Inspired by @celestestelle but written for someone who won't ever see it.
  1. I am utterly torn when it comes to you.
    You probably despise me.
  2. I still write poetry. And it's often about you or the circumstances surrounding what you've done to me.
  3. All my days are filled with numbing and ignorance and busyness and reality.
  4. But so much of the constant low level humm in my background sounds like you. Little whispers of you.
  5. How we met at a water park that I'll drive past tomorrow morning to get to work.
    And I blow a kiss at the first slide I went on thanks to you. Only once. A Straight drop with a trapdoor. And then afterwards you and I were at the bottom. I don't even remember what you said but I remember really loving your voice.
  6. When I look at a sunrise it makes me think of you and I smile and whisper good morning beautiful girl because I can't text you good morning beautiful the way I used to.
  7. And I constantly battle a bitter anger towards you for what you did and a disgust with myself for still loving you despite who you are.

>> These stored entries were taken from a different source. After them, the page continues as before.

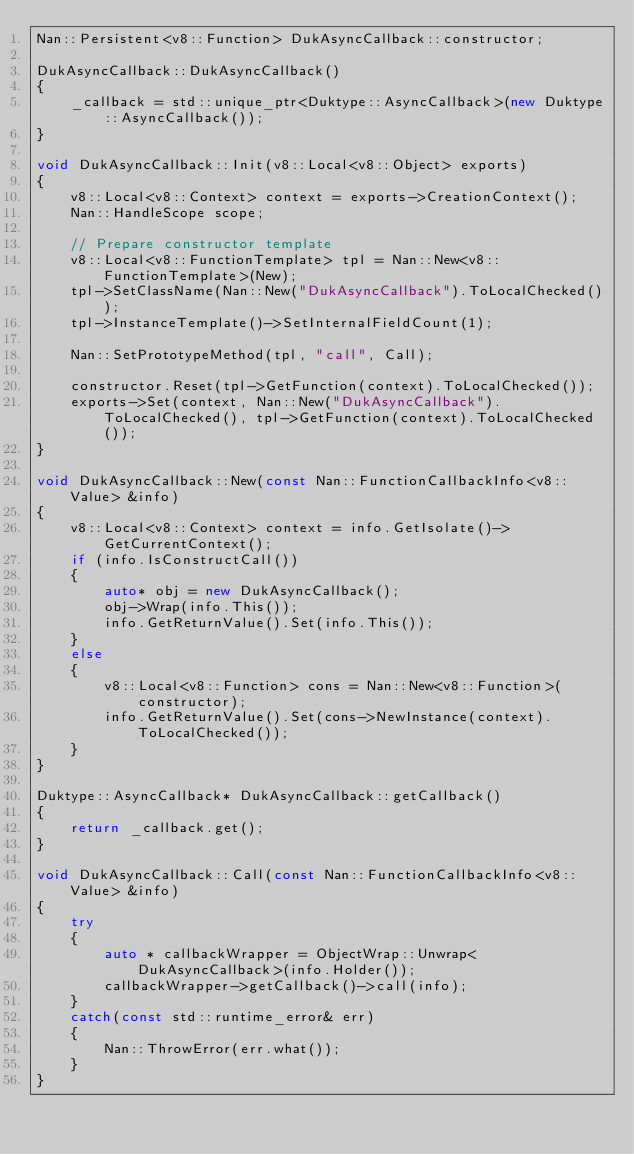Convert code to text. <code><loc_0><loc_0><loc_500><loc_500><_C++_>Nan::Persistent<v8::Function> DukAsyncCallback::constructor;

DukAsyncCallback::DukAsyncCallback()
{
    _callback = std::unique_ptr<Duktype::AsyncCallback>(new Duktype::AsyncCallback());
}

void DukAsyncCallback::Init(v8::Local<v8::Object> exports)
{
    v8::Local<v8::Context> context = exports->CreationContext();
    Nan::HandleScope scope;

    // Prepare constructor template
    v8::Local<v8::FunctionTemplate> tpl = Nan::New<v8::FunctionTemplate>(New);
    tpl->SetClassName(Nan::New("DukAsyncCallback").ToLocalChecked());
    tpl->InstanceTemplate()->SetInternalFieldCount(1);

    Nan::SetPrototypeMethod(tpl, "call", Call);

    constructor.Reset(tpl->GetFunction(context).ToLocalChecked());
    exports->Set(context, Nan::New("DukAsyncCallback").ToLocalChecked(), tpl->GetFunction(context).ToLocalChecked());
}

void DukAsyncCallback::New(const Nan::FunctionCallbackInfo<v8::Value> &info)
{
    v8::Local<v8::Context> context = info.GetIsolate()->GetCurrentContext();
    if (info.IsConstructCall())
    {
        auto* obj = new DukAsyncCallback();
        obj->Wrap(info.This());
        info.GetReturnValue().Set(info.This());
    }
    else
    {
        v8::Local<v8::Function> cons = Nan::New<v8::Function>(constructor);
        info.GetReturnValue().Set(cons->NewInstance(context).ToLocalChecked());
    }
}

Duktype::AsyncCallback* DukAsyncCallback::getCallback()
{
    return _callback.get();
}

void DukAsyncCallback::Call(const Nan::FunctionCallbackInfo<v8::Value> &info)
{
    try
    {
        auto * callbackWrapper = ObjectWrap::Unwrap<DukAsyncCallback>(info.Holder());
        callbackWrapper->getCallback()->call(info);
    }
    catch(const std::runtime_error& err)
    {
        Nan::ThrowError(err.what());
    }
}

</code>

    And the intellectual fact that I will fall for someone so much better than you does not do much to stop all the background humming.
  8. Because my future is not my reality yet. My reality is your absence and how you affected my heart.
  9. I think about how much happier I would be today if all that was different was that you could text me "hey". And we could talk about our days the way we used to. (I feel like crying out with the pain of this impossibility.)
    Except I would be less naive and more open with you. More honest. But distant.
  10. Because you were wrong when you said "I love you." And you were wrong when you said "I'm a monster darling."
    Someone who loved me the way you did for a while, wouldn't have turned on me like you did. And someone with as much beauty inside of them as there is beauty in you can never be a monster.
  11. I will continue to hold affection in my heart for you.
  12. I will continue to remember all the perfect things you said and the imperfect things I said and the poetry you responded to and the way your eyes made me pause and even tear up a little sometimes.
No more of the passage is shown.